MA /GENERAL_SPEC: ALPHABET='ABCDEFGHIKLMNPQRSTVWYZ*'; LENGTH=259;
MA [Excerpt of position-specific scores, e.g., row 1: A= 0 B=-5 ... Z=-5]
Pattern and Profile Types
PROSITE signatures are categorized into patterns and profiles, each designed to detect specific biological features in protein sequences with varying degrees of sensitivity and specificity. Patterns represent short, conserved sequence motifs using regular expression notation, while profiles employ position-specific scoring matrices (PSSMs) or more advanced generalized profiles to model entire protein domains or families. These signature types target distinct biological entities, such as functional sites, structural domains, evolutionary families, and tandem repeats, enabling the identification of protein functions and relationships.[6] Patterns in PROSITE are qualitative descriptors that match sequences based on exact or fuzzy criteria, often using IUPAC ambiguity codes and operators like 'x' for any residue or '{' and '}' for exclusions. They are particularly suited for highly conserved, short motifs, such as catalytic active sites or sites of post-translational modifications, where high specificity is crucial to minimize false positives. For instance, a pattern for the cutinase active site is expressed asP-x-[STA]-x-[LIV]-[IVT]-x-[GS]-G-Y-S-[QL]-G, which detects the precise arrangement of residues essential for enzymatic activity. Patterns for rare functional sites, like phosphorylation motifs (e.g., [ST]-x-[RK] for protein kinase targets), employ stringent criteria to ensure matches are biologically relevant, whereas those for more common domains may allow greater flexibility to capture broader occurrences. This approach balances detection of true positives against the risk of over-matching in diverse protein contexts.[6][7]
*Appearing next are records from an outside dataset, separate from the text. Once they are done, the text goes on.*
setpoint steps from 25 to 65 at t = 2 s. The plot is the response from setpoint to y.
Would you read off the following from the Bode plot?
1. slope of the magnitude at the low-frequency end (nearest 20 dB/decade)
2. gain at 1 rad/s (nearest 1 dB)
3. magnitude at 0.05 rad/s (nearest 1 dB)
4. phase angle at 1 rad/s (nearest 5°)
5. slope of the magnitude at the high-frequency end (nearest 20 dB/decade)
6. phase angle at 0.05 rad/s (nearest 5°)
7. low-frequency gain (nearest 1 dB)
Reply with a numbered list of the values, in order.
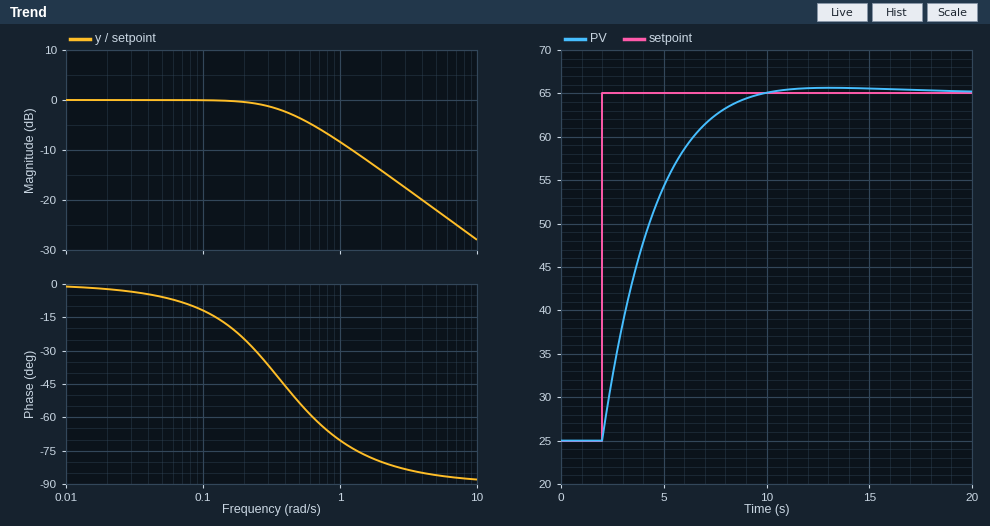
1. 0 dB/decade
2. -8 dB
3. 0 dB
4. -70°
5. -20 dB/decade
6. -5°
7. 0 dB
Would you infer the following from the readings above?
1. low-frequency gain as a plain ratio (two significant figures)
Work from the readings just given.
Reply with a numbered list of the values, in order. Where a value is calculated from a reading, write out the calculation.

1. 10^(0 / 20) = 1.0
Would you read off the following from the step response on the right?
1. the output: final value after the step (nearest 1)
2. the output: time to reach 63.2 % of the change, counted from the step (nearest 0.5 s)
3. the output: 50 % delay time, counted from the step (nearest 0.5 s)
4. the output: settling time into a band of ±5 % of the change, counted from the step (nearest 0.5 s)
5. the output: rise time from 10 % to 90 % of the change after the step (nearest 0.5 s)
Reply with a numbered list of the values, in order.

1. 65
2. 2.5 s
3. 1.5 s
4. 6.0 s
5. 4.5 s
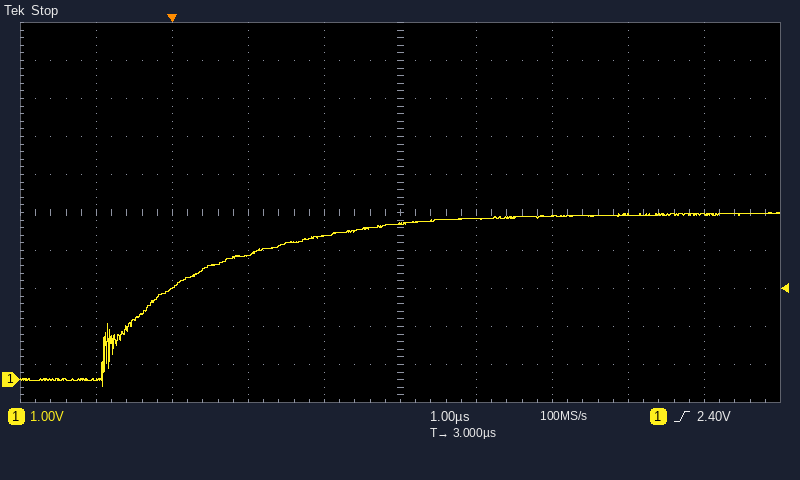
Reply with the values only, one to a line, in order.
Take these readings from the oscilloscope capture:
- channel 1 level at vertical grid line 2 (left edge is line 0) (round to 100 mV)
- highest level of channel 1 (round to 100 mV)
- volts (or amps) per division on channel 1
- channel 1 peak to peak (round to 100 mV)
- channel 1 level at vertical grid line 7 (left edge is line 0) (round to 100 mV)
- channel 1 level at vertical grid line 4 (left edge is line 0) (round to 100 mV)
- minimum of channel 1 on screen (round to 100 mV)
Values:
2.4 V
4.4 V
1 V
4.6 V
4.3 V
3.8 V
-200 mV
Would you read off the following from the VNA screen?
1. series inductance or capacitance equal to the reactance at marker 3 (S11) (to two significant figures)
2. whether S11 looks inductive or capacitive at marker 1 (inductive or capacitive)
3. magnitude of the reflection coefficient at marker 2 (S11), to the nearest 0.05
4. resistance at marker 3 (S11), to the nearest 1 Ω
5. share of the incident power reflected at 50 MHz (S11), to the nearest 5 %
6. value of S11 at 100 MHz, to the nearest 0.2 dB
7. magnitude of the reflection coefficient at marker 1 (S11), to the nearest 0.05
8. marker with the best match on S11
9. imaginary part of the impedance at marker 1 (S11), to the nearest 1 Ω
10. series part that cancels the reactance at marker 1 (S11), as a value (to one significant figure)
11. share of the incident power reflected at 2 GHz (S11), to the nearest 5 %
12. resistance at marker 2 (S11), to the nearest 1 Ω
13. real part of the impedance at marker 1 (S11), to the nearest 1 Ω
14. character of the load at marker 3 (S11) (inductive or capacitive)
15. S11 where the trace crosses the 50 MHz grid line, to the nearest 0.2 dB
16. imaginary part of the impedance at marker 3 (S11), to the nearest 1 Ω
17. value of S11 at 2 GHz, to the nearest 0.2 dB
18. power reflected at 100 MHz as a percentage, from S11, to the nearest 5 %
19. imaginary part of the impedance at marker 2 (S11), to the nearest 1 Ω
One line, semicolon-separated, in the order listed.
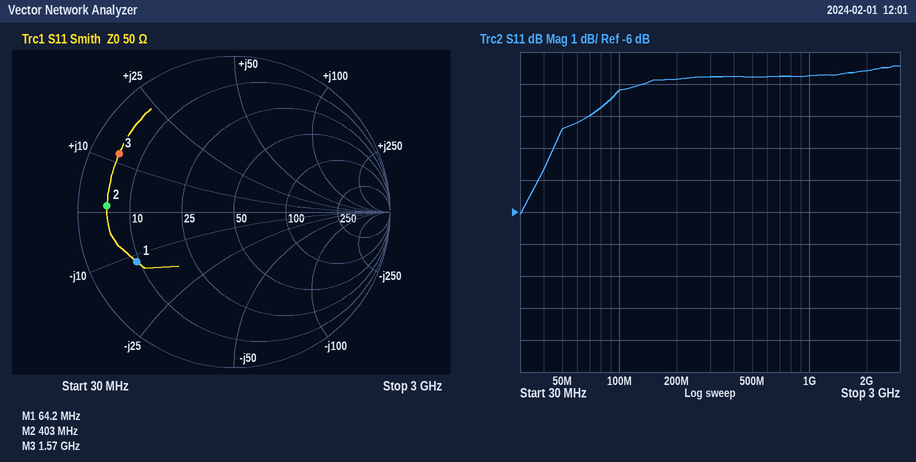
1.2 nH; capacitive; 0.80; 5 Ω; 45 %; -2.2 dB; 0.70; marker 1; -12 Ω; 30 nH; 70 %; 5 Ω; 9 Ω; inductive; -3.4 dB; +12 Ω; -1.6 dB; 60 %; +1 Ω
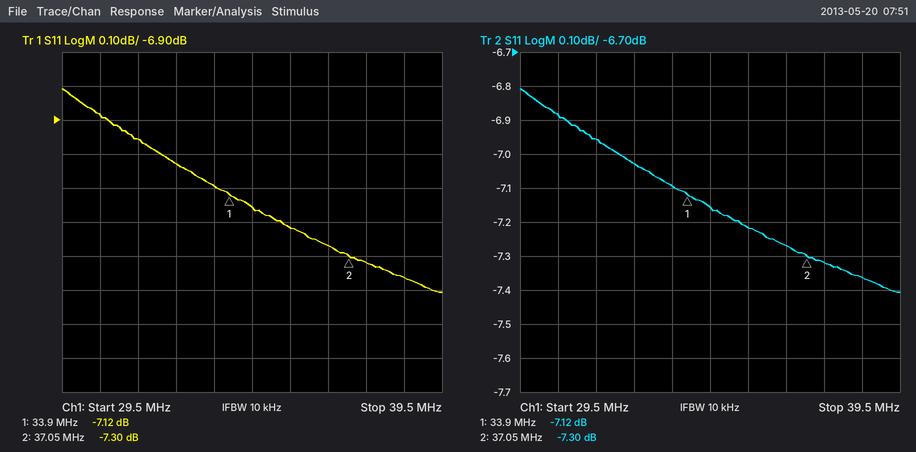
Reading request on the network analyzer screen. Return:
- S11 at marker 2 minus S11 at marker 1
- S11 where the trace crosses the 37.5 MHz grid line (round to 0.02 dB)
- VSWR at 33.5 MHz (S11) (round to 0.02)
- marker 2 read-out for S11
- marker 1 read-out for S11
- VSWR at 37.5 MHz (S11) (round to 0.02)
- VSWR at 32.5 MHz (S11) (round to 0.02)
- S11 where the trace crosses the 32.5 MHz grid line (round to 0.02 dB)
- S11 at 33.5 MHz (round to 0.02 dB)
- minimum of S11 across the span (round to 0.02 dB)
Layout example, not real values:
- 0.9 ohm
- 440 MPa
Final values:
- -0.18 dB
- -7.32 dB
- 2.58
- -7.30 dB
- -7.12 dB
- 2.52
- 2.60
- -7.02 dB
- -7.10 dB
- -7.40 dB

Profiles, in contrast, provide quantitative models for longer sequence regions, constructed from multiple sequence alignments (MSAs) of related proteins using tools like ps_scan or pftools. Basic PSSMs assign position-specific scores based on observed residue frequencies and substitution matrices, such as BLOSUM, to evaluate sequence similarity across an entire domain; for example, the globin family profile spans approximately 140 positions and scores alignments to identify oxygen-binding domains with a cutoff threshold for significance. Generalized profiles, introduced by Bucher in 1994, extend this by incorporating hidden Markov model (HMM)-like features, including penalties for insertions and deletions, which enhance sensitivity for detecting distant homologs in less conserved families. These are built by aligning sequences (e.g., via ClustalW or T-Coffee), extending fragments to include flanking regions, and optimizing for subfamily specificity, as seen in profiles for animal peroxidases that capture evolutionary divergences while maintaining low false-positive rates. Profiles thus excel in annotating structural and functional domains where patterns alone lack sufficient power.[6][12][7]
Hybrid signatures combine patterns and profiles to optimize both sensitivity and specificity, often integrating ProRules for contextual validation. For example, a profile may detect a broad domain like an ATP-binding helicase, while an embedded pattern confirms critical catalytic residues, and rules promote weak profile matches if the pattern aligns. This synergy is vital for complex annotations, reducing errors in family assignment.[6][12]
Biologically, PROSITE signatures classify protein features into domains as compact structural or functional units (e.g., zinc fingers detected by profiles), families as evolutionarily related groups (e.g., small GTPases via generalized profiles), repeats as tandemly arrayed motifs (e.g., EF-hand calcium-binding repeats with context-dependent scoring), and sites as localized functional elements (e.g., phosphorylation or metal-binding sites marked in patterns). These categories facilitate targeted detection, with domains and families relying more on profiles for comprehensive coverage, while sites and repeats favor patterns for precision.[6][7]